Look through the entries below and say how many lines contain the string "angles". Give the number only.
..........
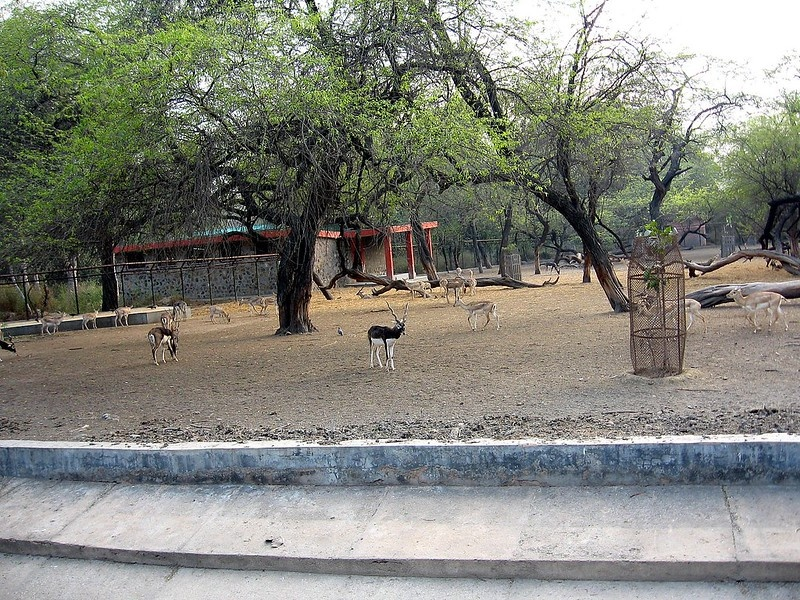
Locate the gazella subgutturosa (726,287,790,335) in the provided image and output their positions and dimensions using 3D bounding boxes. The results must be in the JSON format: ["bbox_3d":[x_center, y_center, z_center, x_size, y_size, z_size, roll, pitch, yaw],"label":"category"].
[{"bbox_3d":[8.685,0.180,16.930,1.096,0.887,2.739,-2,6,28],"label":"gazella subgutturosa"}]

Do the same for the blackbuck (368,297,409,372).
[{"bbox_3d":[-0.262,0.734,14.344,0.525,1.361,1.207,2,-2,-37],"label":"blackbuck"}]

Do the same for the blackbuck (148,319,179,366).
[{"bbox_3d":[-5.834,1.027,17.407,0.327,1.022,1.390,-3,-2,10],"label":"blackbuck"}]
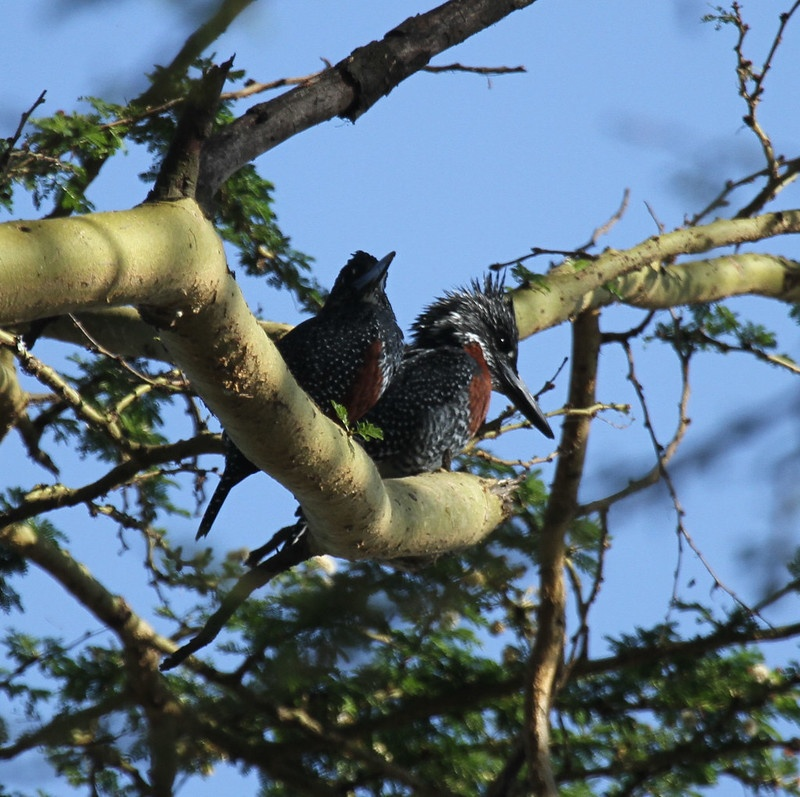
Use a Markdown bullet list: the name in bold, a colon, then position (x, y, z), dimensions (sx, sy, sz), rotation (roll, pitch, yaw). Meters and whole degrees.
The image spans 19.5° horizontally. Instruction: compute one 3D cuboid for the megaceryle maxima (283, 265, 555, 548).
- **megaceryle maxima**: position (0.099, -0.008, 9.304), dimensions (0.979, 1.104, 0.438), rotation (13, -18, 1)
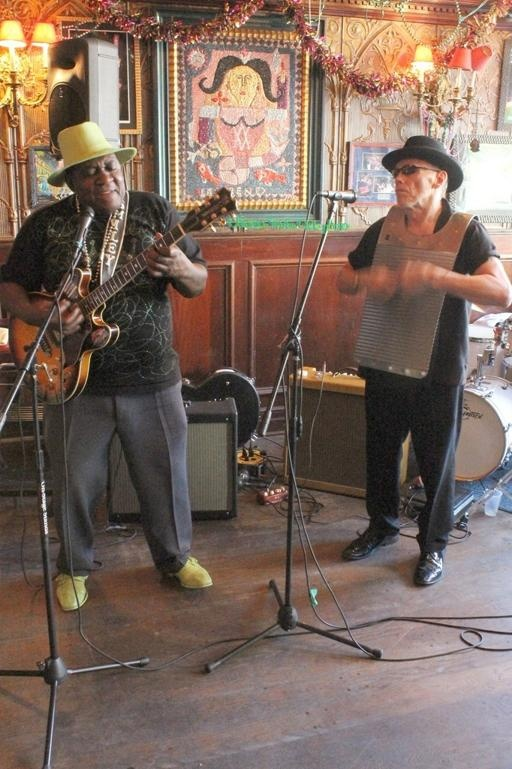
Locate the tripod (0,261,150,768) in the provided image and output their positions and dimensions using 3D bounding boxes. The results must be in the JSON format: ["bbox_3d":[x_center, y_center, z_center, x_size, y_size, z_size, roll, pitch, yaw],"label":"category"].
[{"bbox_3d":[-0.515,0.314,1.855,0.411,1.120,0.806,-5,14,-20],"label":"tripod"}]

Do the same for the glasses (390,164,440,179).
[{"bbox_3d":[0.506,-0.715,2.321,0.112,0.046,0.186,-7,14,-29],"label":"glasses"}]

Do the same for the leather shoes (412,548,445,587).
[{"bbox_3d":[0.637,0.691,2.554,0.066,0.063,0.168,0,3,21],"label":"leather shoes"}]

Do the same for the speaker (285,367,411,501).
[{"bbox_3d":[0.327,0.292,3.504,0.610,0.553,0.333,9,-18,-34],"label":"speaker"}]

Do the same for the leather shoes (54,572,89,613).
[{"bbox_3d":[-0.633,0.713,2.369,0.080,0.078,0.208,2,0,-22],"label":"leather shoes"}]

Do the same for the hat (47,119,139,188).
[{"bbox_3d":[-0.502,-0.720,2.065,0.237,0.118,0.236,4,23,45],"label":"hat"}]

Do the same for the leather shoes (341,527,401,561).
[{"bbox_3d":[0.451,0.642,2.827,0.298,0.118,0.096,-9,14,-29],"label":"leather shoes"}]

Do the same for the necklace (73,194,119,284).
[{"bbox_3d":[-0.468,-0.434,2.065,0.103,0.240,0.028,2,-4,4],"label":"necklace"}]

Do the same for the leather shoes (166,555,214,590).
[{"bbox_3d":[-0.239,0.689,2.503,0.084,0.072,0.182,0,-6,-40],"label":"leather shoes"}]

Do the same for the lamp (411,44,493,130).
[{"bbox_3d":[1.173,-1.824,4.185,0.466,0.477,0.206,-14,31,-32],"label":"lamp"}]
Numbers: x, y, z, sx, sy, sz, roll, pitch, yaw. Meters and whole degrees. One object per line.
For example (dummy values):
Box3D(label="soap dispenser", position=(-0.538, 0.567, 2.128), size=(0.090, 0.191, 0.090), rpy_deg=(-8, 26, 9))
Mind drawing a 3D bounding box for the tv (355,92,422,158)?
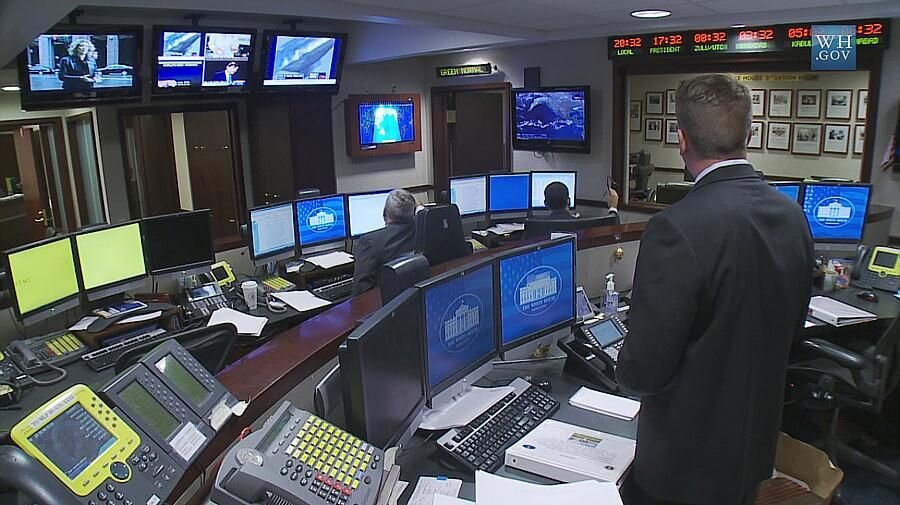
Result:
Box3D(label="tv", position=(-0.995, -1.978, 8.429), size=(1.118, 0.790, 0.391), rpy_deg=(-10, 16, -37))

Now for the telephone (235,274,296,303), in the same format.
Box3D(label="telephone", position=(-1.654, 0.279, 5.044), size=(0.302, 0.088, 0.329), rpy_deg=(17, 20, 41))

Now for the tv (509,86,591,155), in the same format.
Box3D(label="tv", position=(1.394, -1.820, 7.508), size=(1.088, 0.723, 0.126), rpy_deg=(7, 20, 36))

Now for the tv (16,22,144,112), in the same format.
Box3D(label="tv", position=(-3.757, -1.901, 5.579), size=(1.080, 0.680, 0.109), rpy_deg=(-17, 35, -39))

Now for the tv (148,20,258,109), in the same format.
Box3D(label="tv", position=(-2.890, -2.190, 6.362), size=(1.313, 0.800, 0.120), rpy_deg=(-13, 36, -32))

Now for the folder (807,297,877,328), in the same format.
Box3D(label="folder", position=(2.838, 0.431, 4.046), size=(0.423, 0.078, 0.396), rpy_deg=(-11, 23, -20))

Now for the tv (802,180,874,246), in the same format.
Box3D(label="tv", position=(3.123, -0.329, 4.479), size=(0.646, 0.541, 0.082), rpy_deg=(2, 10, 3))

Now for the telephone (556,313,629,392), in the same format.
Box3D(label="telephone", position=(0.891, 0.580, 3.299), size=(0.533, 0.230, 0.376), rpy_deg=(-15, 29, -43))
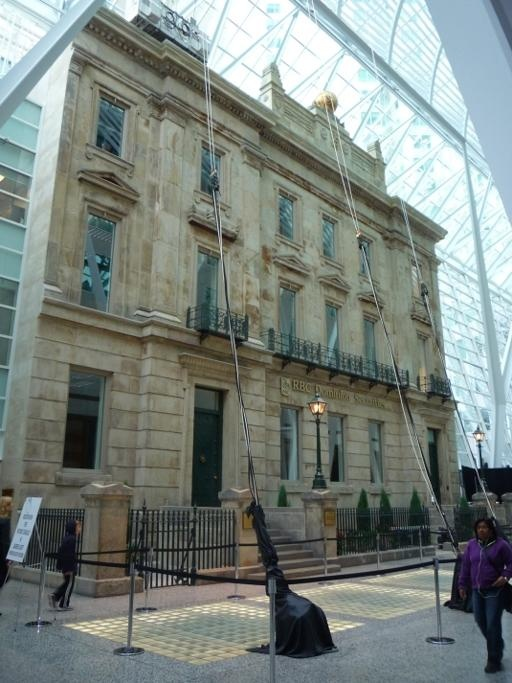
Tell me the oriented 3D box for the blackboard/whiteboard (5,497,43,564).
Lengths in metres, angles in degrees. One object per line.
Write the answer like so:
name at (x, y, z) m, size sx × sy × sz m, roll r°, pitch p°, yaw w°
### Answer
blackboard/whiteboard at (-3.638, 2.962, 8.302) m, size 0.388 × 0.988 × 0.758 m, roll 6°, pitch -17°, yaw -23°
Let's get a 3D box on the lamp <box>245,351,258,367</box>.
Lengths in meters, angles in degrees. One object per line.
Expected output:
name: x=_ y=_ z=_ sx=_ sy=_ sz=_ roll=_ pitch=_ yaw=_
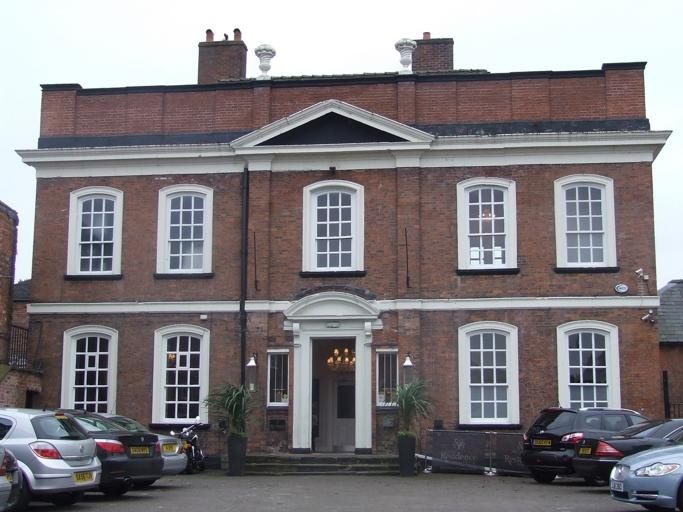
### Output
lamp: x=-2.622 y=2.977 z=31.926 sx=0.337 sy=0.470 sz=0.375 roll=0 pitch=-12 yaw=0

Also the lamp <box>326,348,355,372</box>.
lamp: x=-0.020 y=3.179 z=34.045 sx=0.800 sy=0.541 sz=0.761 roll=1 pitch=-11 yaw=-3

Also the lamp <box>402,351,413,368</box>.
lamp: x=1.854 y=2.964 z=31.346 sx=0.376 sy=0.451 sz=0.358 roll=1 pitch=-21 yaw=0

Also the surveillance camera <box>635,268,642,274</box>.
surveillance camera: x=8.446 y=0.400 z=31.493 sx=0.147 sy=0.137 sz=0.068 roll=-2 pitch=-12 yaw=18

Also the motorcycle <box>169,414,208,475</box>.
motorcycle: x=-4.160 y=5.375 z=30.631 sx=0.593 sy=1.114 sz=1.902 roll=2 pitch=-9 yaw=-11
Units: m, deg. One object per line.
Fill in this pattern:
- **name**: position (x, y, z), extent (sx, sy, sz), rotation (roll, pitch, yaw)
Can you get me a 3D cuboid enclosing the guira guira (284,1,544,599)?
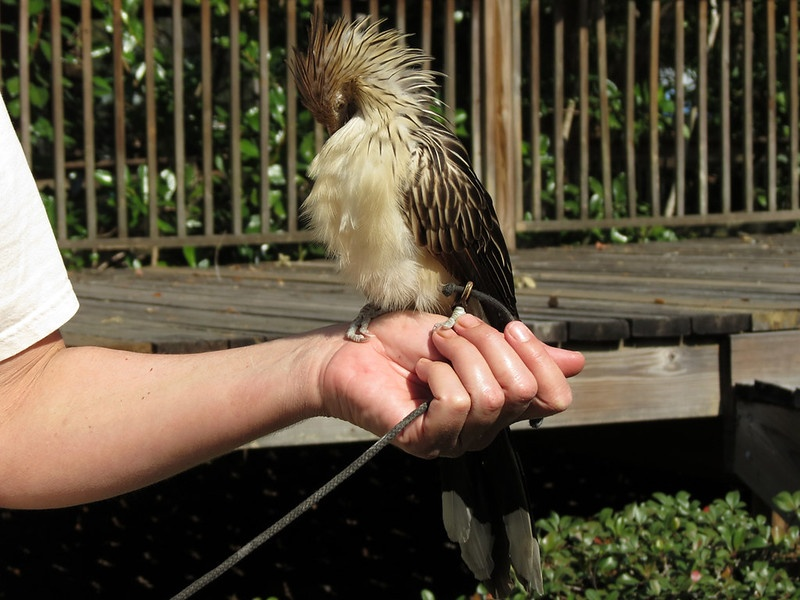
- **guira guira**: position (0.065, -0.009, 3.962), extent (0.767, 2.183, 0.944), rotation (-4, 6, -10)
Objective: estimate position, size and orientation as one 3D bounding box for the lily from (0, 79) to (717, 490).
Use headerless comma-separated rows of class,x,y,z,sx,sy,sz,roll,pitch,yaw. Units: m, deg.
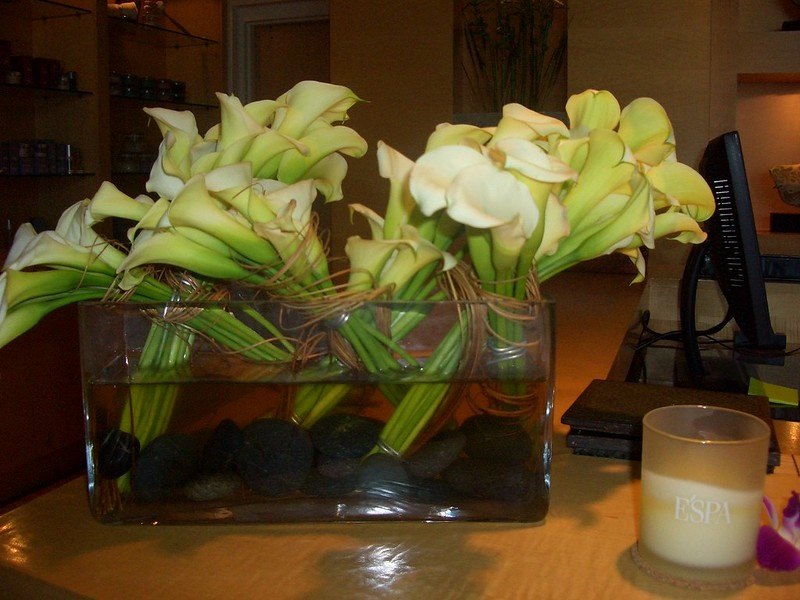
..........
Your solution: 2